На мне остаётся лишь амулет Природы.
* * *
Когда Володька входит в дом, он с отвращением морщится. Ещё бы, повсюду разливается вонь жарящейся курицы. Мне тоже не по себе. Со ступенек слетает мама, видит тётю Свету и Володьку, и впопыхах произносит:
– Здравствуйте! Проходите к диванам. Мы сейчас будем накрывать на стол. Извините, я тут всё бегаю. Но через минуту буду ваша! Никита, усади пока гостей.
С этими словами мама скрывается за дверью в кухню. Я вижу растерянное выражение лица тёти Светы и закрываю за ней дверь.
– Так, ребята, – тихо шепчу я. – Играем по их правилам. Если сказали – обед, значит – обед. Вы пришли рано, они не успели толком ничего приготовить, но думают, что целью сегодняшней встречи будет именно обед. Нажраться, посмеяться и разойтись.
Тётя Света снимает обувь и проходит на диванчик за стол в гостиной. Она немного адаптируется к обстановке, и садится.
– Ты должен был сказать, что есть серьёзный разговор, – говорит она. – И что обеды всякие не нужны.
– Это вы сами ей всё скажете, – говорю я. – Я вчера еле-еле поведал о вашем визите.
– Да ты говоришь как галантный кавалер, – улыбается тётя Света.

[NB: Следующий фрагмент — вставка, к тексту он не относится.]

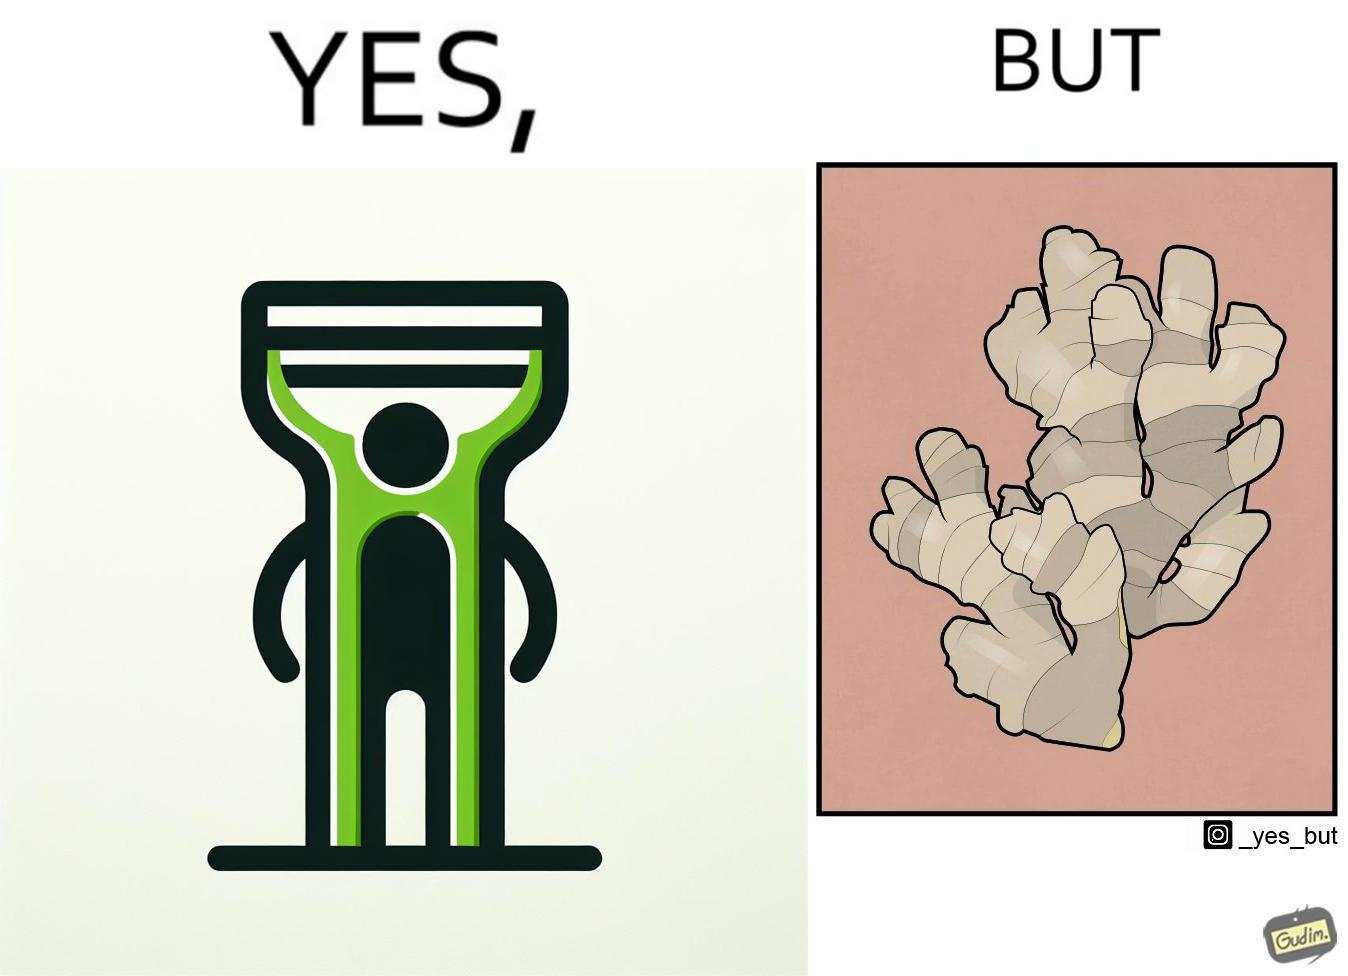Describe what you see in the left and right parts of this image. In the left part of the image: The image shows a green peeler. In the right part of the image: The image shows a ginger root with many branches and a complex shape. 
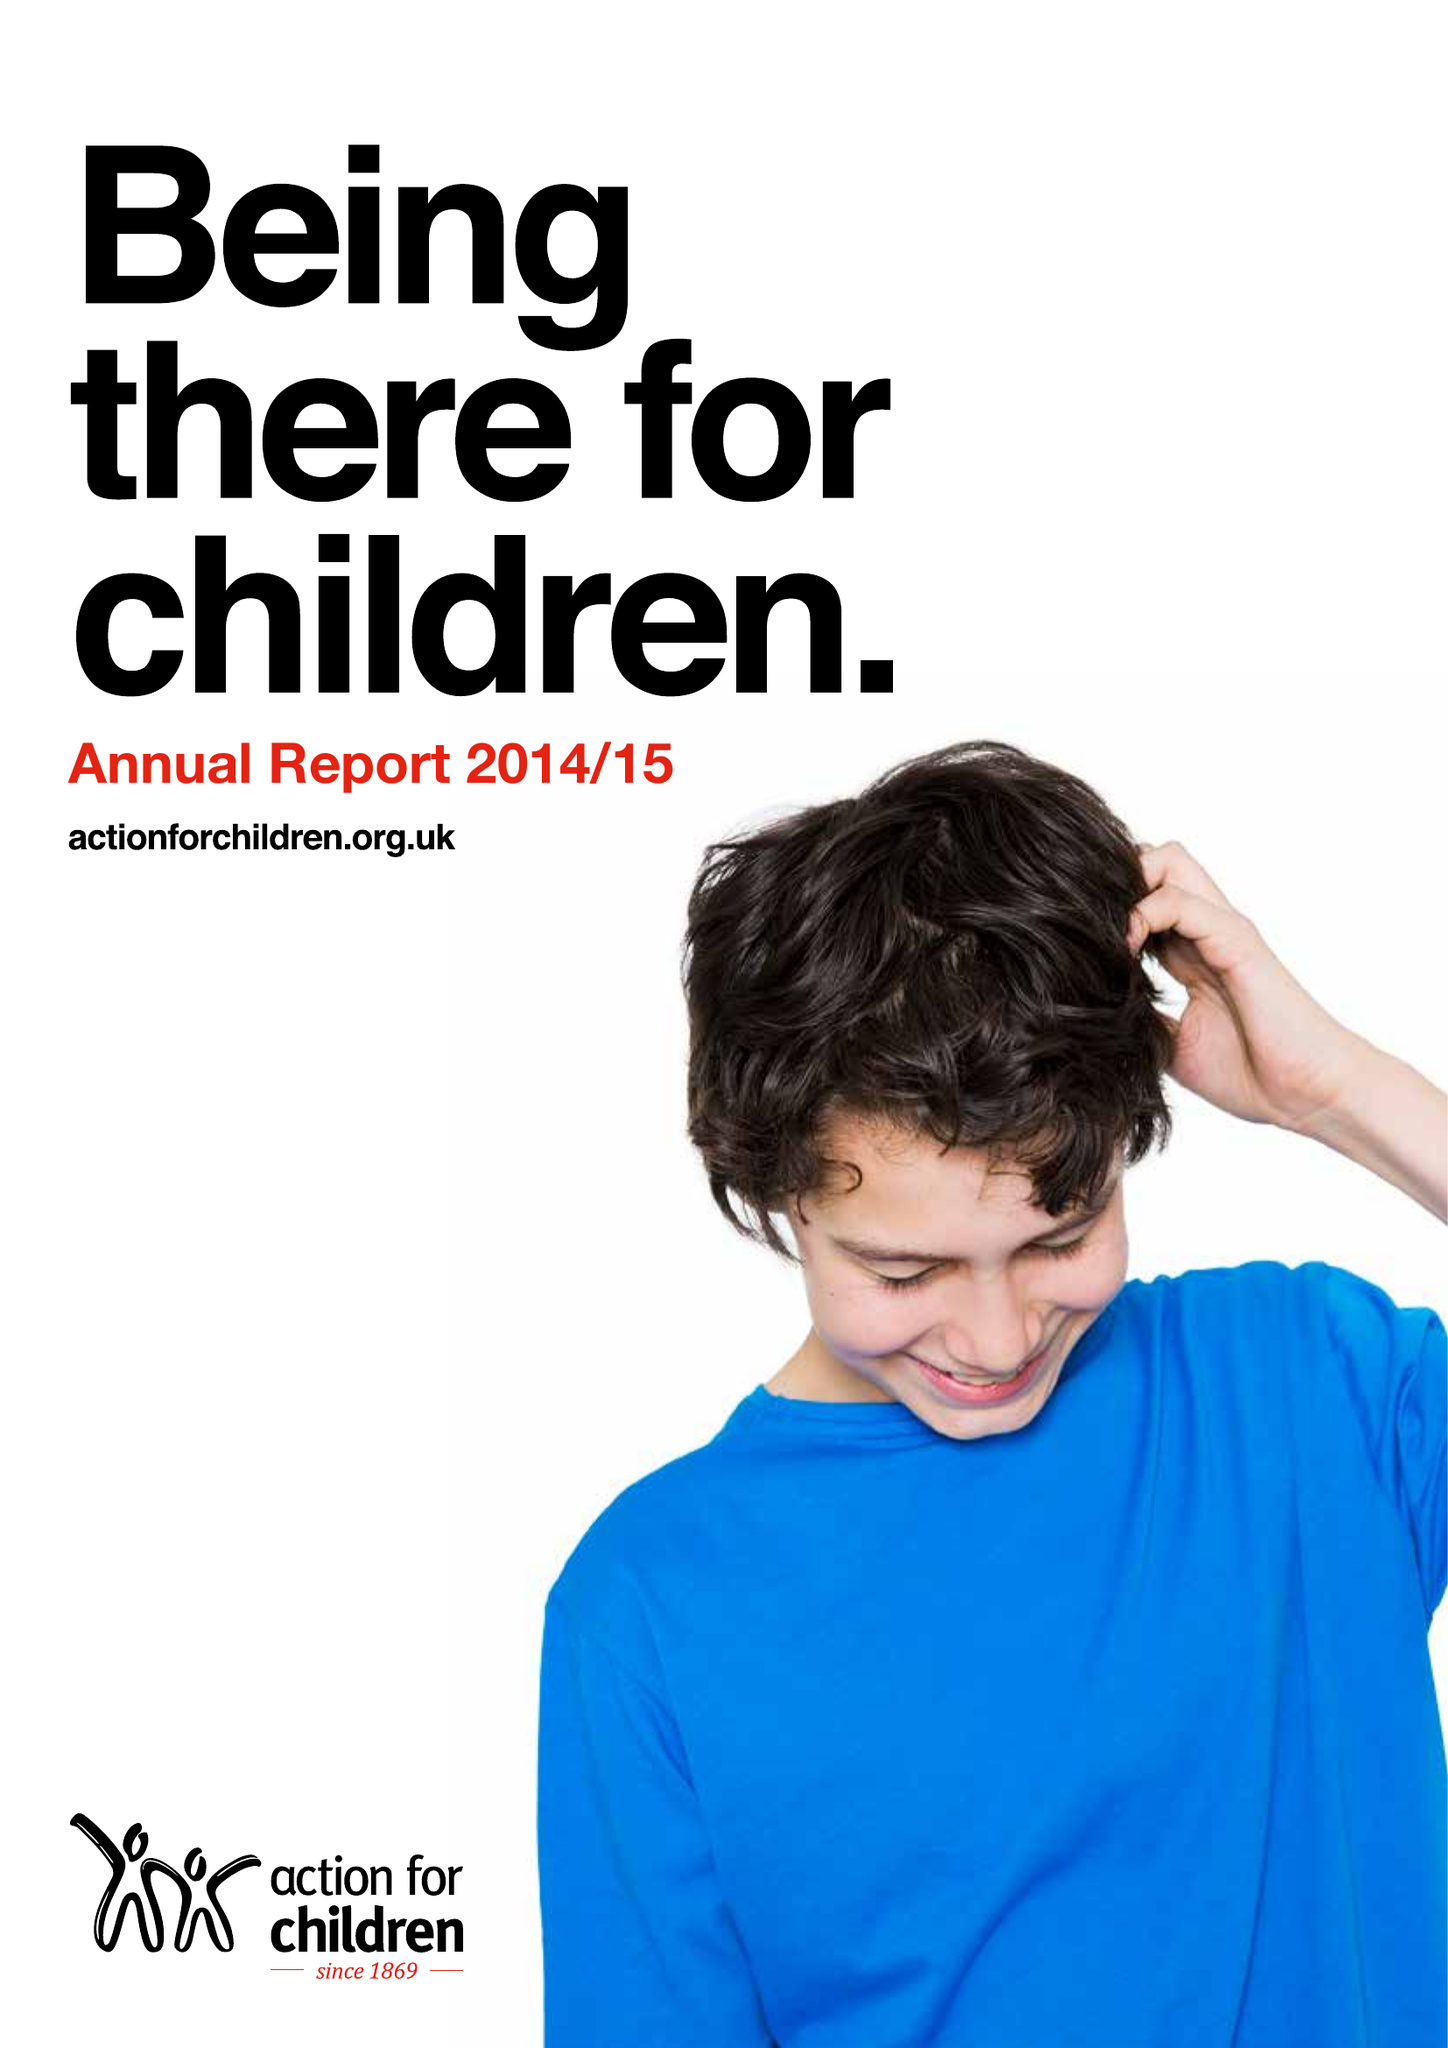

Я смущённо улыбаюсь и плюхаюсь в кресло, мысленно слышу, как Володька здоровается с Каштаном, хотя рассматривает сервиз на столе.
– Как вы собираетесь начать разговор? – шепчу я.
– Увидишь, – подмигивает тётя Света.
– Ох, – я откидываюсь на спинку и тревожно смотрю в потолок. – Она не поймёт. Особенно, когда вы скажете, что зелёные дети часто умирают.
– Они не просто часто умирают, – хмуро заявляет Володька. – Они вообще редко доживают до шестнадцати лет.
Я хлопаю себя по лбу.
– Кажется, разговор сегодня не задастся.
– Погоди-погоди, – тётя Света машет руками. – Вот именно это твоей маме узнавать сегодня не обязательно. Сегодня достаточно, чтобы она поняла, что ты не такой, как все. Информация должна приходить постепенно.
– Хоть это… – но не успеваю договорить, в гостиную уже вносят чашку с картофельным пюре.
Мама ставит её посреди стола, при этом улыбка вот-вот разорвёт губы. Я верю в искренность этой улыбки, гостей у деда не было давно.
– Ну что же вы суетитесь, – машет руками тётя Света. – Мы могли же просто попить чаю.
– Ничего-ничего, – машет руками в ответ мама. – Гостей мы давно не встречали.
– Давайте я хоть вам помогу, – находится тётя Света.